[Stored records]
━━━━━━

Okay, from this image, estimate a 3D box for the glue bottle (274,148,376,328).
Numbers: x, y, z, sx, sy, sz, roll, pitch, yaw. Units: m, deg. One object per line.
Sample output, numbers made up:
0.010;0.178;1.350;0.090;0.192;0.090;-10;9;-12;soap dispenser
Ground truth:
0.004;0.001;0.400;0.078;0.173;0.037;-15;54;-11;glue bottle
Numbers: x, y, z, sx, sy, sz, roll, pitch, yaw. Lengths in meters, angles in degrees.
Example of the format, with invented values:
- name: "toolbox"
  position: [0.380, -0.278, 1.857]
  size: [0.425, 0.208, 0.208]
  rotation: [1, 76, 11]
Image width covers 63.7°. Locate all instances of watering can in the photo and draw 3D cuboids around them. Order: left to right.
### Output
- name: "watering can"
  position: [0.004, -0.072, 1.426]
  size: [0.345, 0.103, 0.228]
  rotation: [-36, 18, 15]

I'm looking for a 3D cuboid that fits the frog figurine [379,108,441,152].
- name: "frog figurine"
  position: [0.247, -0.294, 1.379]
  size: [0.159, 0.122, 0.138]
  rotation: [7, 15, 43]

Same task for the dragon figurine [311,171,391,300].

━━━━━━

(Description of the task) Copy every line of the entries in which "roll" can be found.

(Written response)
Numbers: x, y, z, sx, sy, sz, roll, pitch, yaw. Units: m, deg. One object per line.
Numbers: x, y, z, sx, sy, sz, roll, pitch, yaw. Lengths in meters, angles in degrees.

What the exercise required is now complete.